— Tout va bien ?
Tomy semblait inquiet face au regard incrédule qu’arborait Malo. Ce dernier sembla se reconnecter à la réalité, clignant plusieurs fois des yeux.
— Oui, désolé, j’étais en quelques sortes dans mes pensées. Tu ne portes pas ton full cuir aujourd’hui? tente-t-il de changer de sujet.
— Non, j’étais à la bourre ce matin, j’ai pas trop eu le temps de l’enfiler.
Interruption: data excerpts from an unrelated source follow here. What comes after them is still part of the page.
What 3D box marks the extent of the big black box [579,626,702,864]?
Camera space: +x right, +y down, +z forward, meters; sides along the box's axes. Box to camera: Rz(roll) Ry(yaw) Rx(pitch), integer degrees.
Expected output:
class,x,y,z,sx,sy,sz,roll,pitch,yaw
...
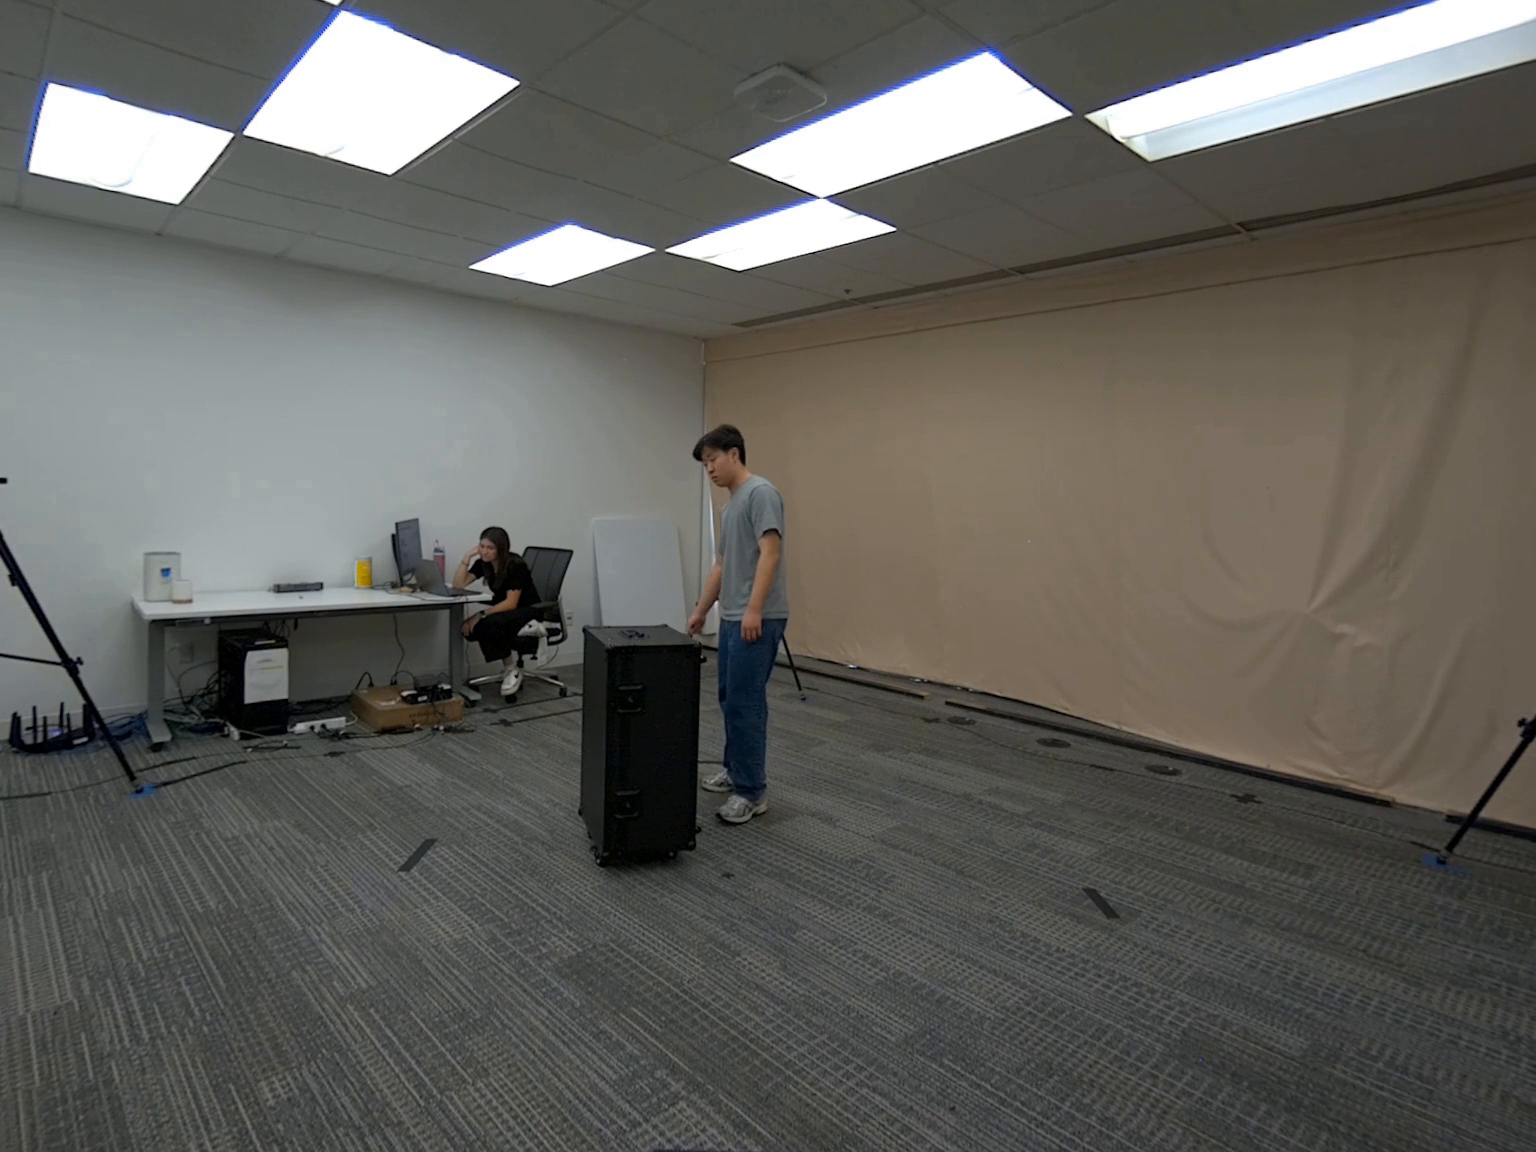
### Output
class,x,y,z,sx,sy,sz,roll,pitch,yaw
big black box,-0.517,0.652,3.312,0.390,0.860,0.531,2,3,-22
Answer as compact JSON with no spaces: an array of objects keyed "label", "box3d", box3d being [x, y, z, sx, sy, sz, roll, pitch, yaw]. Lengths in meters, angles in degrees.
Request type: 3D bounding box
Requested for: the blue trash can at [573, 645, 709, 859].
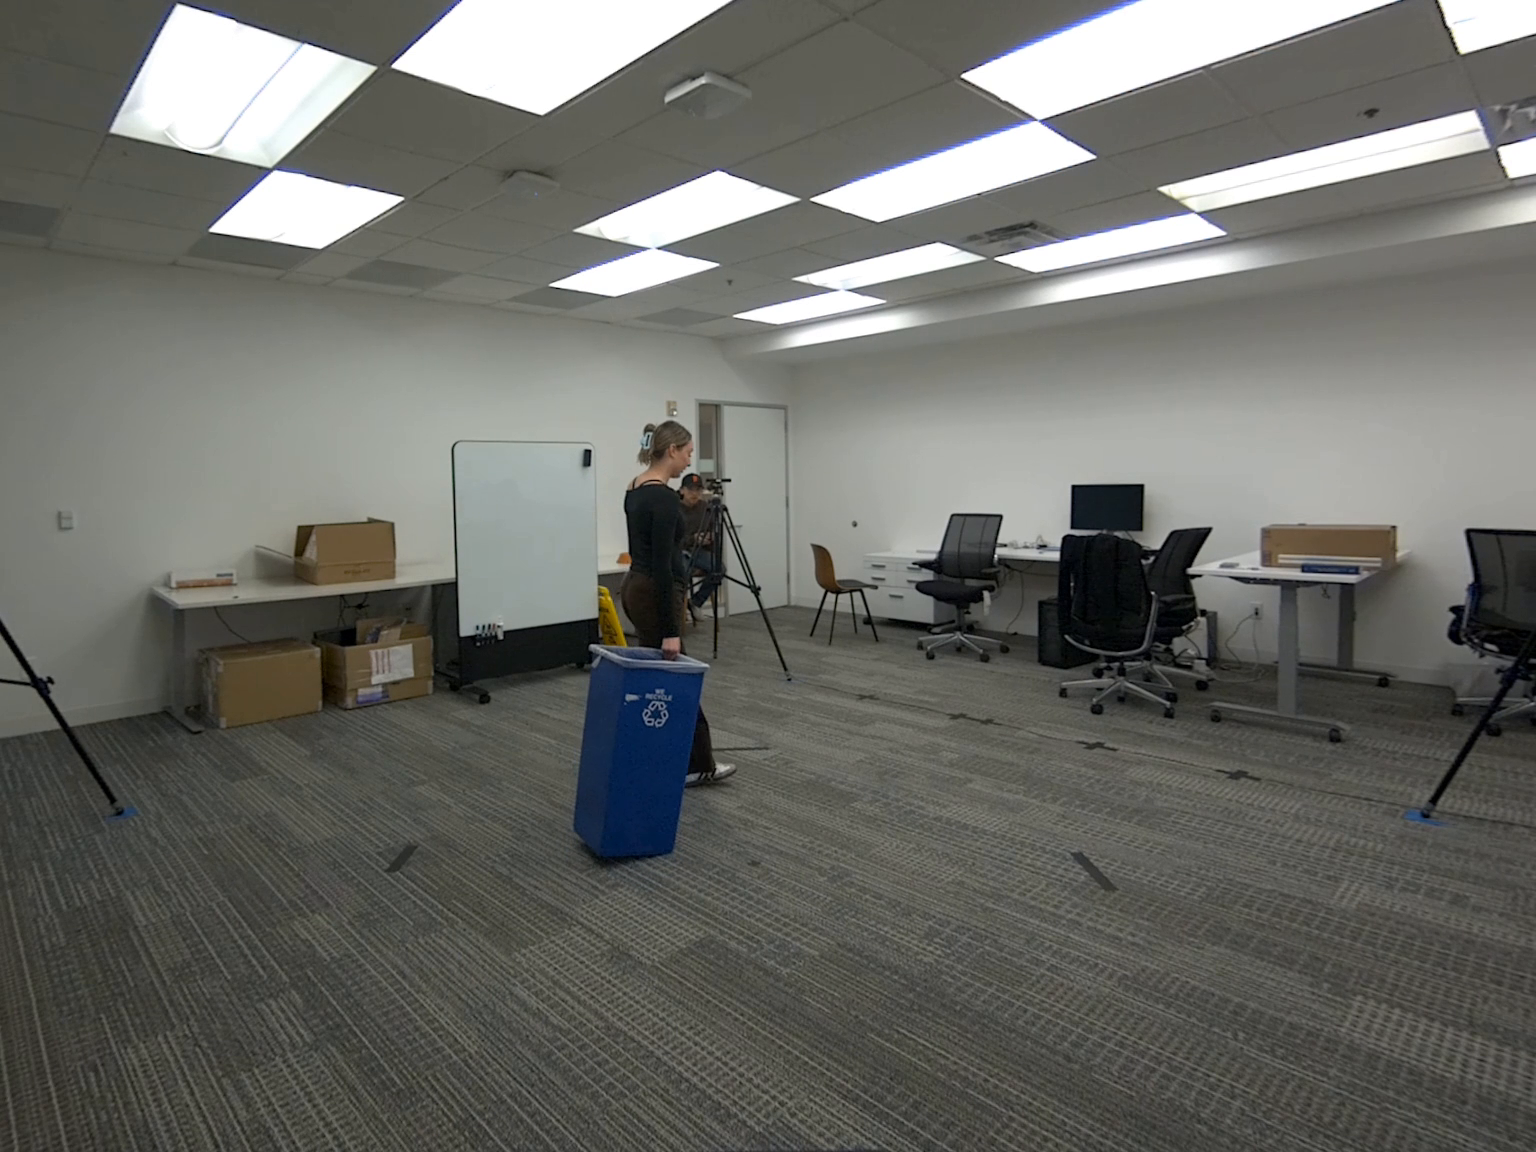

Malo sourit, mais son sourire n’atteignait pas ses yeux. Devait-il dire à Tomy qu’ils se connaissaient déjà plus ou moins ? Ou peut-être se faisait-il des films et ce n’était pas la même personne. Mais entre son prénom et ce tatouage, cela faisait beaucoup de coïncidences pour l’identité d’une seule personne. Et il n’y avait qu’une seule façon d’être fixé.
— Je me demandais…
Tommy reporta son attention sur Malo qui sentit sa pointe de courage diminuer sous le poids de son regard, mais il ne devait pas se dégonfler.
— Ça te dirait qu’on aille boire un verre un de ces jours ? Histoire de discuter ailleurs que sur le periph’.
— Ouais ça pourrait être sympa ! C’est pour ça que tu as l’air tout stressé ? J’vais pas te croquer hein, sourit Tomy en enlevant l’un de ses gants pour saisir son téléphone. Si tu veux tu me donnes ton insta comme ça on voit par message où et quand on se fait ça.
— Carrément !
Les deux jeunes hommes échangèrent donc leur compte respectif et, oh surprise, ils se suivaient déjà. Tomy sembla surpris et fit défiler les publications. A mesure que les photos défilaient, ses yeux s’écarquillaient. Malo, lui, se mordait nerveusement la lèvre en guettant ses réactions.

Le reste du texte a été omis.